*** Opening Supplied material ***

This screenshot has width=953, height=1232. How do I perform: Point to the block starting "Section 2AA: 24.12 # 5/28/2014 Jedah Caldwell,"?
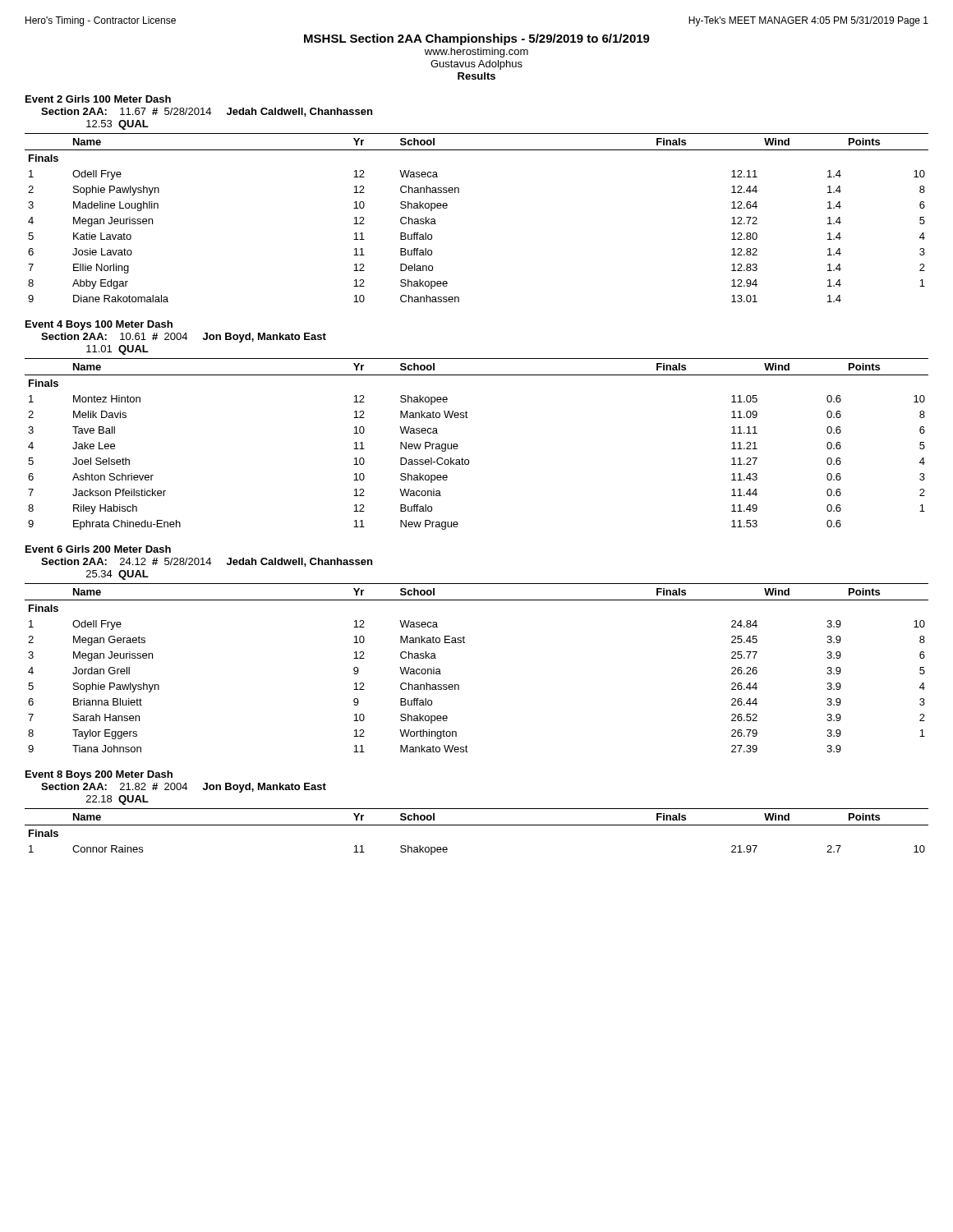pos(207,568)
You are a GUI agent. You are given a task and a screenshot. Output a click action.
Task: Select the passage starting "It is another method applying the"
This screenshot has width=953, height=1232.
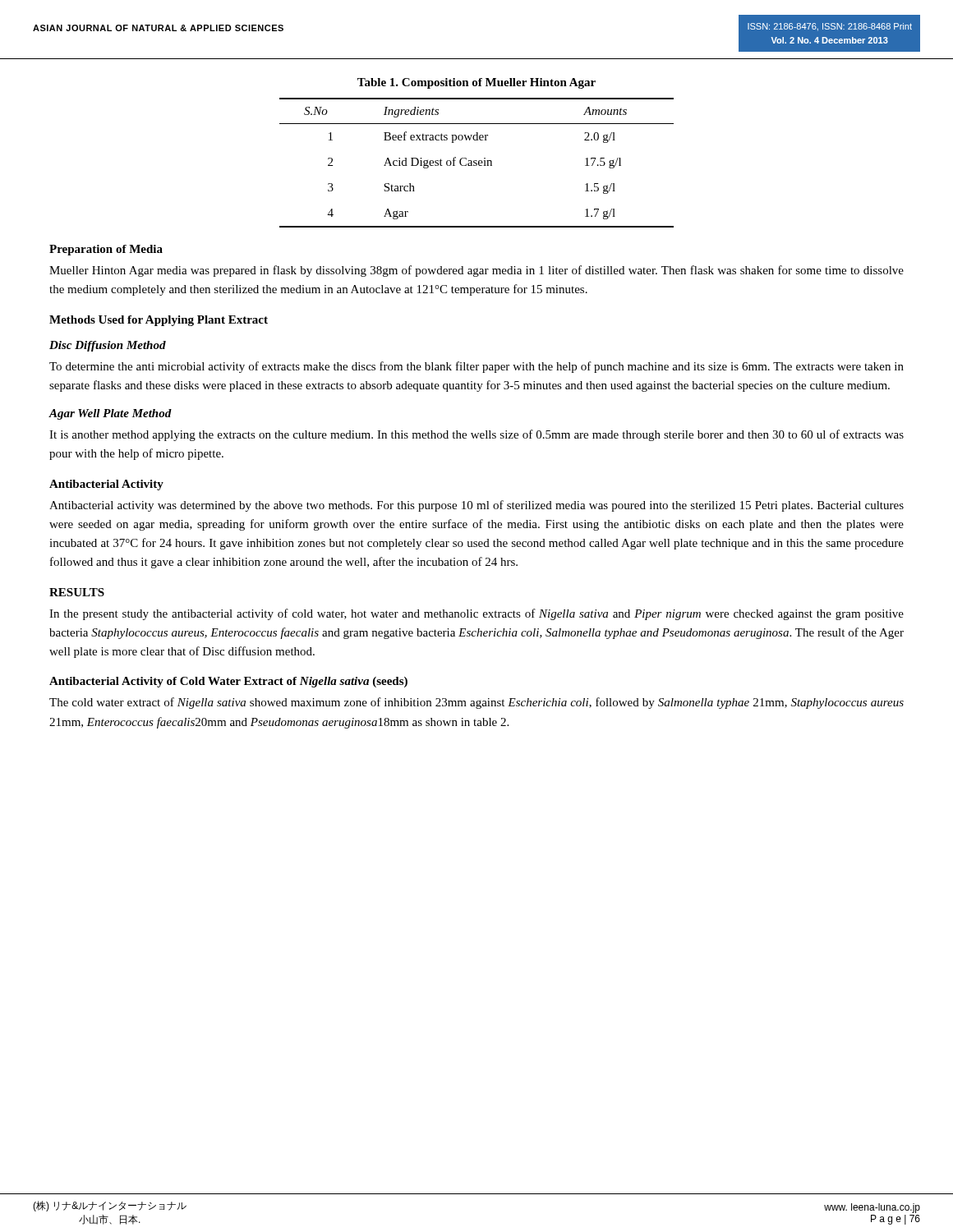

*** Closing Supplied material ***

§ **Exercise aim**
Reproduce the entries above exactly, though not their pictures.

§ **Completed task**
This screenshot has width=953, height=1232. How do I perform: Point to the block starting "Section 2AA: 24.12 # 5/28/2014 Jedah Caldwell,"?
pos(207,568)
You are a GUI agent. You are given a task and a screenshot. Output a click action.
Task: Select the passage starting "It is another method applying the"
This screenshot has width=953, height=1232.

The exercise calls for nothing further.